• **ACTIVITY**
The lines below must be transcribed exactly as given, with the images removed.

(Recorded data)
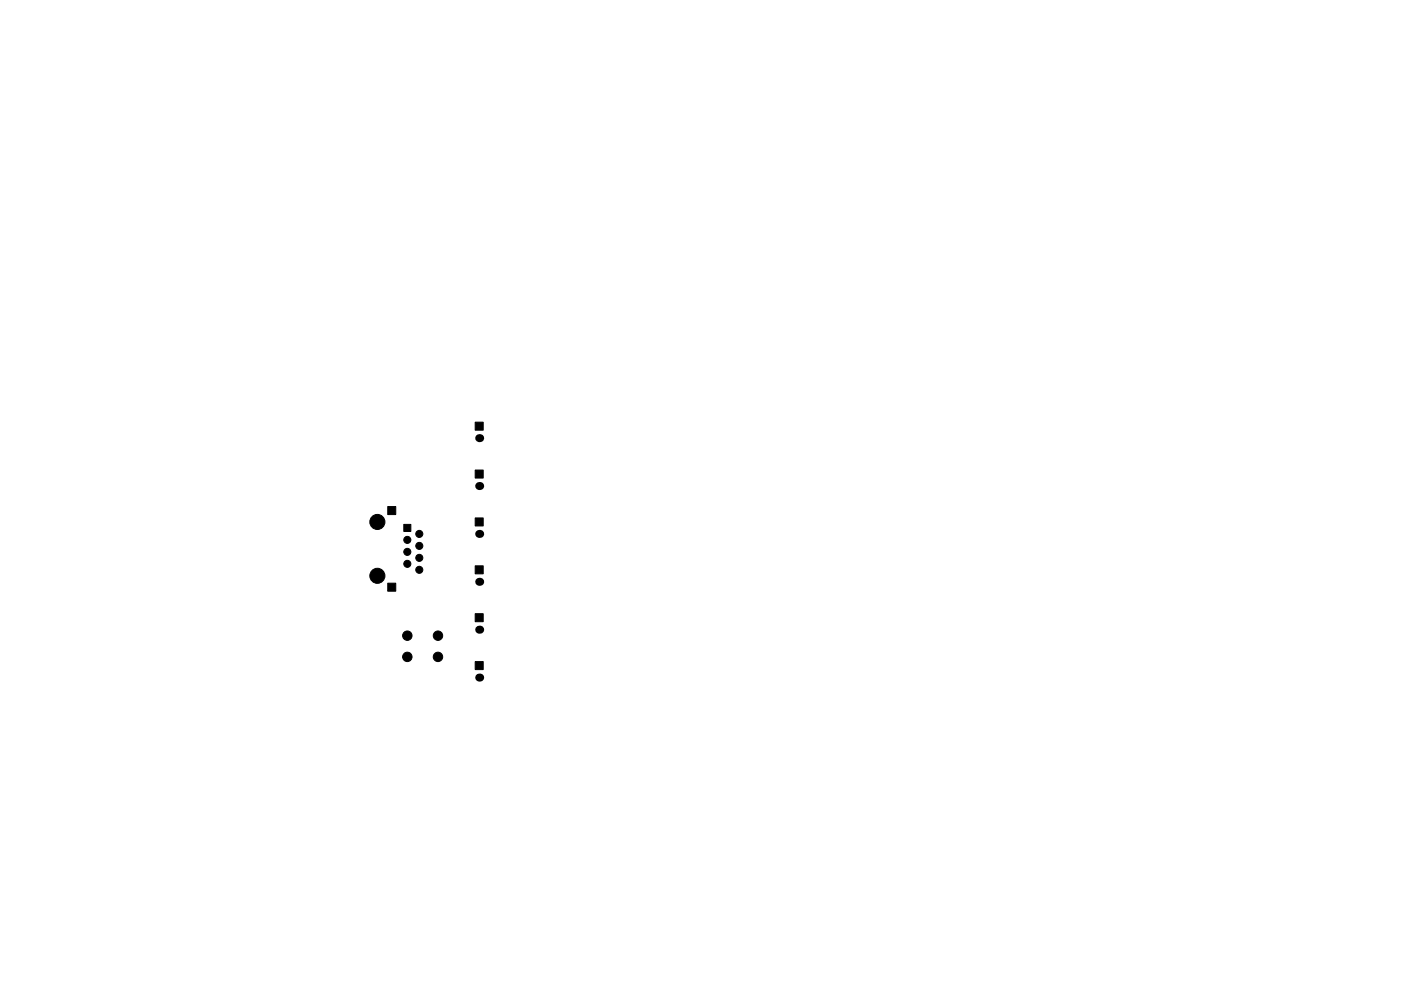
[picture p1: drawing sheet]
<svg xmlns="http://www.w3.org/2000/svg" width="297mm" height="210mm" viewBox="0 0 297 210" stroke-linecap="round" stroke-linejoin="round" font-family="sans-serif">
<g fill="#000" stroke="#000" stroke-width=".21">
<path d="M100.8 89.6h1.6v1.7h-1.6zM82.2 107.5h1.7v1.7h-1.7zM85.6 111.3h1.5v1.5h-1.5zM100.8 109.9h1.6v1.7h-1.6zM100.8 99.7h1.6v1.7h-1.6zM82.2 123.7h1.7v1.7h-1.7zM100.8 130.2h1.6v1.7h-1.6zM100.8 120h1.6v1.7h-1.6zM100.8 140.4h1.6v1.7h-1.6z"/>
<circle cx="80" cy="110.7" r="1.6"/>
<circle cx="86.4" cy="117.1" r=".75"/>
<circle cx="86.4" cy="119.6" r=".75"/>
<circle cx="86.4" cy="114.5" r=".75"/>
<circle cx="88.9" cy="115.8" r=".75"/>
<circle cx="88.9" cy="118.4" r=".75"/>
<circle cx="88.9" cy="113.3" r=".75"/>
<circle cx="80" cy="122.2" r="1.6"/>
<circle cx="86.4" cy="134.9" r="1"/>
<circle cx="86.4" cy="139.4" r="1"/>
<circle cx="88.9" cy="120.9" r=".75"/>
<circle cx="92.9" cy="134.9" r="1"/>
<circle cx="92.9" cy="139.4" r="1"/>
</g>
<g fill="#000">
<circle cx="101.6" cy="93" r=".85"/>
<circle cx="101.6" cy="103.1" r=".85"/>
<circle cx="101.6" cy="113.3" r=".85"/>
<circle cx="101.6" cy="133.6" r=".85"/>
<circle cx="101.6" cy="123.4" r=".85"/>
<circle cx="101.6" cy="143.8" r=".85"/>
</g>
</svg>

• **TASK OUTPUT**
[picture p1: drawing sheet]
<svg xmlns="http://www.w3.org/2000/svg" width="297mm" height="210mm" viewBox="0 0 297 210" stroke-linecap="round" stroke-linejoin="round" font-family="sans-serif">
<g fill="#000" stroke="#000" stroke-width=".21">
<path d="M100.8 89.6h1.6v1.7h-1.6zM82.2 107.5h1.7v1.7h-1.7zM85.6 111.3h1.5v1.5h-1.5zM100.8 109.9h1.6v1.7h-1.6zM100.8 99.7h1.6v1.7h-1.6zM82.2 123.7h1.7v1.7h-1.7zM100.8 130.2h1.6v1.7h-1.6zM100.8 120h1.6v1.7h-1.6zM100.8 140.4h1.6v1.7h-1.6z"/>
<circle cx="80" cy="110.7" r="1.6"/>
<circle cx="86.4" cy="117.1" r=".75"/>
<circle cx="86.4" cy="119.6" r=".75"/>
<circle cx="86.4" cy="114.5" r=".75"/>
<circle cx="88.9" cy="115.8" r=".75"/>
<circle cx="88.9" cy="118.4" r=".75"/>
<circle cx="88.9" cy="113.3" r=".75"/>
<circle cx="80" cy="122.2" r="1.6"/>
<circle cx="86.4" cy="134.9" r="1"/>
<circle cx="86.4" cy="139.4" r="1"/>
<circle cx="88.9" cy="120.9" r=".75"/>
<circle cx="92.9" cy="134.9" r="1"/>
<circle cx="92.9" cy="139.4" r="1"/>
</g>
<g fill="#000">
<circle cx="101.6" cy="93" r=".85"/>
<circle cx="101.6" cy="103.1" r=".85"/>
<circle cx="101.6" cy="113.3" r=".85"/>
<circle cx="101.6" cy="133.6" r=".85"/>
<circle cx="101.6" cy="123.4" r=".85"/>
<circle cx="101.6" cy="143.8" r=".85"/>
</g>
</svg>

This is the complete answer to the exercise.